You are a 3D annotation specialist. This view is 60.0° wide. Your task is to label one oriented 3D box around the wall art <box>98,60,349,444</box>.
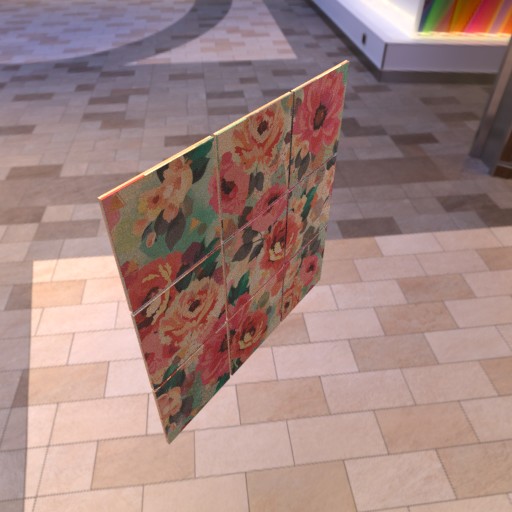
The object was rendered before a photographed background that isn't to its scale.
[{"bbox_3d":[0.000,0.000,1.349,0.012,0.910,0.911,26,48,27],"label":"wall art"}]
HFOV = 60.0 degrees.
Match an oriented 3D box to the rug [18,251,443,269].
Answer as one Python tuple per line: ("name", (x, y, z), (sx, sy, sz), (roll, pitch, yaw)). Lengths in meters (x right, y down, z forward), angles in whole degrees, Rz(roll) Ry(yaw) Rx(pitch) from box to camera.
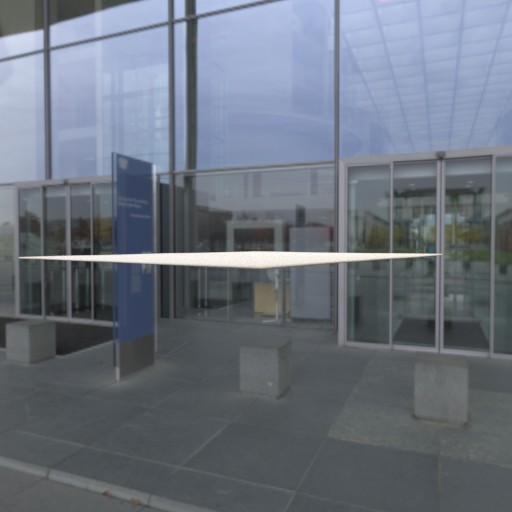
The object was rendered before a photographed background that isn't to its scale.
("rug", (0.000, 0.000, 3.986), (2.410, 0.021, 3.055), (1, 2, 37))
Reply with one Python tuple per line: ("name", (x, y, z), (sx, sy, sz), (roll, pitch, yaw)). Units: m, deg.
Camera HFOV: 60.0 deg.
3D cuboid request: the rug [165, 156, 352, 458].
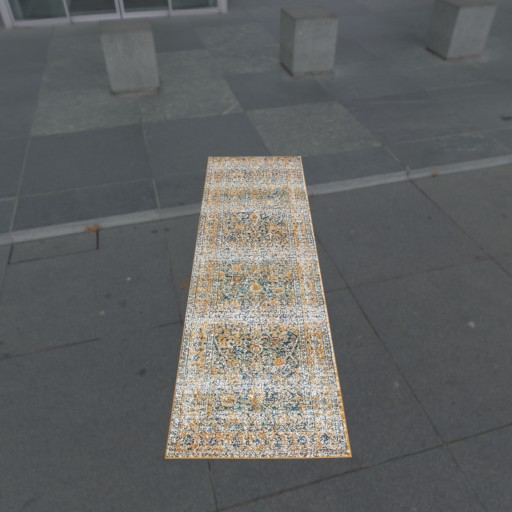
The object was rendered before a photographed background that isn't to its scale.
("rug", (0.000, 0.000, 2.525), (0.704, 0.014, 2.294), (0, 41, 0))
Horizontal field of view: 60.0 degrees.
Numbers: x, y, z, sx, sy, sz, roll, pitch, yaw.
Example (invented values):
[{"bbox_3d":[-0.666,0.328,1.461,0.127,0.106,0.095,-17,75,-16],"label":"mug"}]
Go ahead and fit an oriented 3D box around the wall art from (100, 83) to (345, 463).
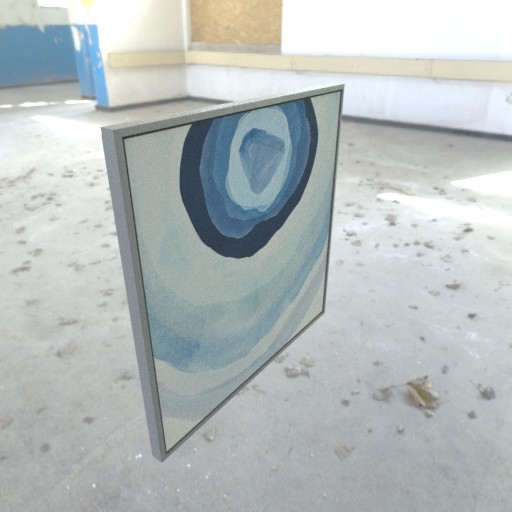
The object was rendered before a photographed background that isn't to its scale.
[{"bbox_3d":[0.000,0.000,1.201,0.038,0.807,0.809,19,33,33],"label":"wall art"}]
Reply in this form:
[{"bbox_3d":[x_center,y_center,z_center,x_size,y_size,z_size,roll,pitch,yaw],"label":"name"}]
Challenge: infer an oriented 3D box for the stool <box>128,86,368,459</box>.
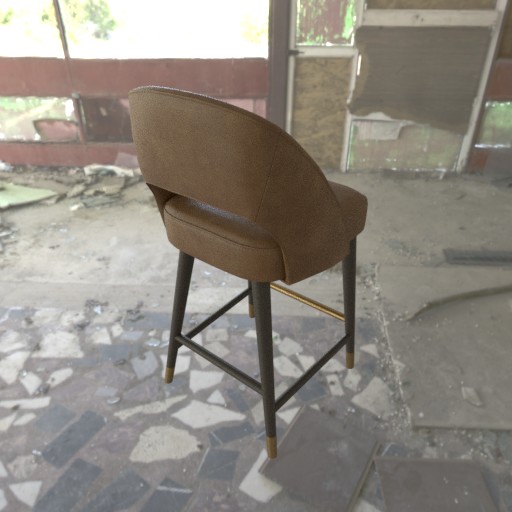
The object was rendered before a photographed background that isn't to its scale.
[{"bbox_3d":[0.000,0.000,1.216,0.494,0.940,0.509,23,38,33],"label":"stool"}]
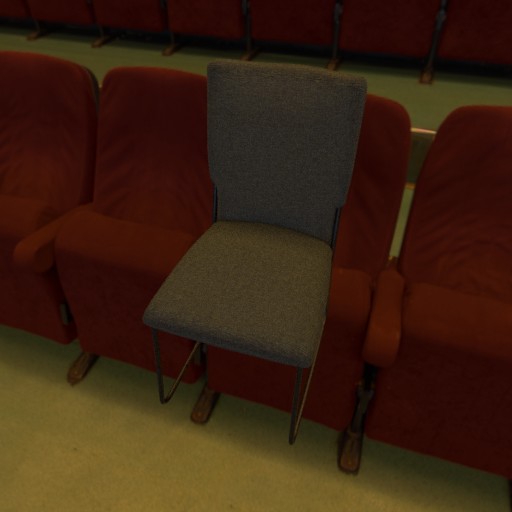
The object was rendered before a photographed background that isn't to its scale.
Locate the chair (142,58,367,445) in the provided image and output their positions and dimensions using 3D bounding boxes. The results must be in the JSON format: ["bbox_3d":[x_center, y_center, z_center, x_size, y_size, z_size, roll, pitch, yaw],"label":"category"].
[{"bbox_3d":[0.000,0.000,1.316,0.480,0.931,0.635,12,43,14],"label":"chair"}]
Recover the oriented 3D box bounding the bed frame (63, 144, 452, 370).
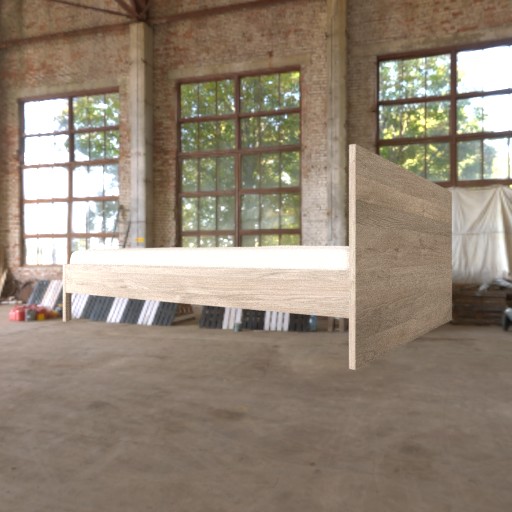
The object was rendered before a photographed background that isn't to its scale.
[{"bbox_3d":[0.000,0.000,2.744,1.950,0.800,1.490,0,0,36],"label":"bed frame"}]
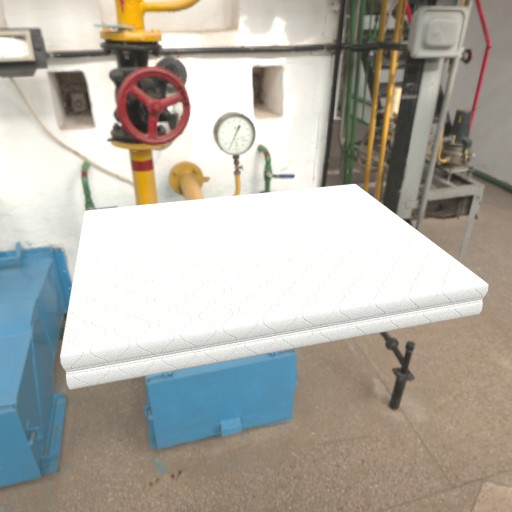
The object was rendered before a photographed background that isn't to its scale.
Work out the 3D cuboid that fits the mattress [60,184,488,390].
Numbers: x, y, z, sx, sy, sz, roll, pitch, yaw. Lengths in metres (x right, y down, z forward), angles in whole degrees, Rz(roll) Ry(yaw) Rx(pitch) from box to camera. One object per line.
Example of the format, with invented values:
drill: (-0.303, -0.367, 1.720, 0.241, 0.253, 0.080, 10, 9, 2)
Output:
mattress: (0.000, 0.000, 2.495, 1.900, 0.200, 1.400, -8, 30, -13)
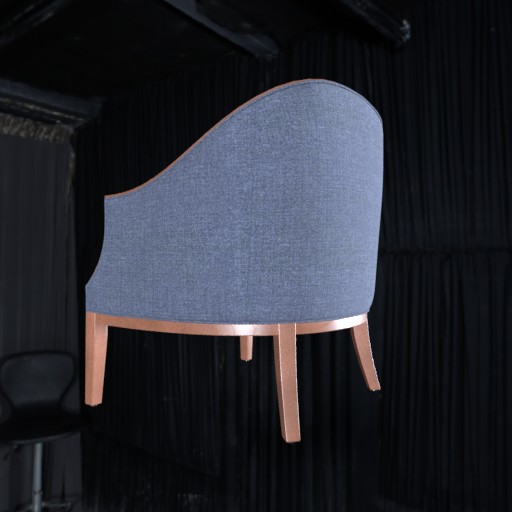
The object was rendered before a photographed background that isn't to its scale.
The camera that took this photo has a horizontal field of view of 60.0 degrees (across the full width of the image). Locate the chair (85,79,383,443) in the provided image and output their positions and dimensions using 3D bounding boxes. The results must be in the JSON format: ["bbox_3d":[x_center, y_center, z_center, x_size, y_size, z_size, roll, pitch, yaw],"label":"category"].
[{"bbox_3d":[0.000,0.000,1.415,0.735,0.876,0.803,-1,-1,36],"label":"chair"}]
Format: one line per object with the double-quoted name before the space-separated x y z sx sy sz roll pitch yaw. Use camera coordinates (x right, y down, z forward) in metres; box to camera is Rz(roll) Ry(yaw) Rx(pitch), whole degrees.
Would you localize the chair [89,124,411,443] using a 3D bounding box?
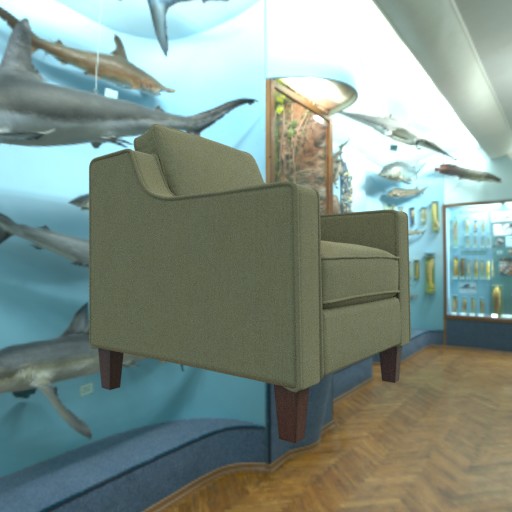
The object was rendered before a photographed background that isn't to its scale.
"chair" 0.000 0.000 1.664 0.909 0.960 0.831 -1 -1 37
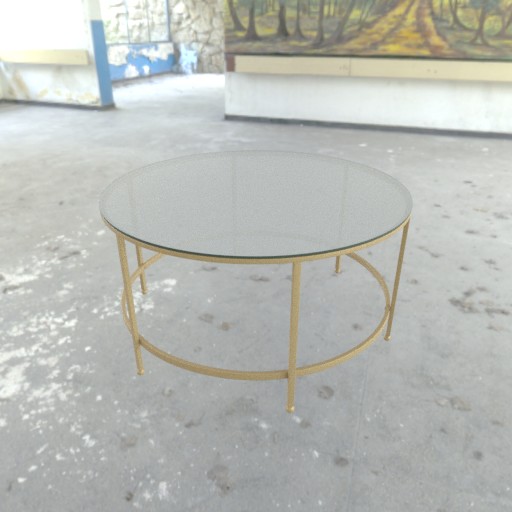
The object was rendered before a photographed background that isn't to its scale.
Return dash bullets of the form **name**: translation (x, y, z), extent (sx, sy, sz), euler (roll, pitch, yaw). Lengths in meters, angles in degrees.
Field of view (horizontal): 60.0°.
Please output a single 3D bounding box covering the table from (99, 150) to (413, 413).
- **table**: translation (0.000, 0.000, 1.454), extent (0.914, 0.470, 0.914), euler (0, 27, 0)

* What you have to do: Extract, from the material above, each line holding the word "values".

* Task solution:
Example (invented values):
Example of the format, with invented values:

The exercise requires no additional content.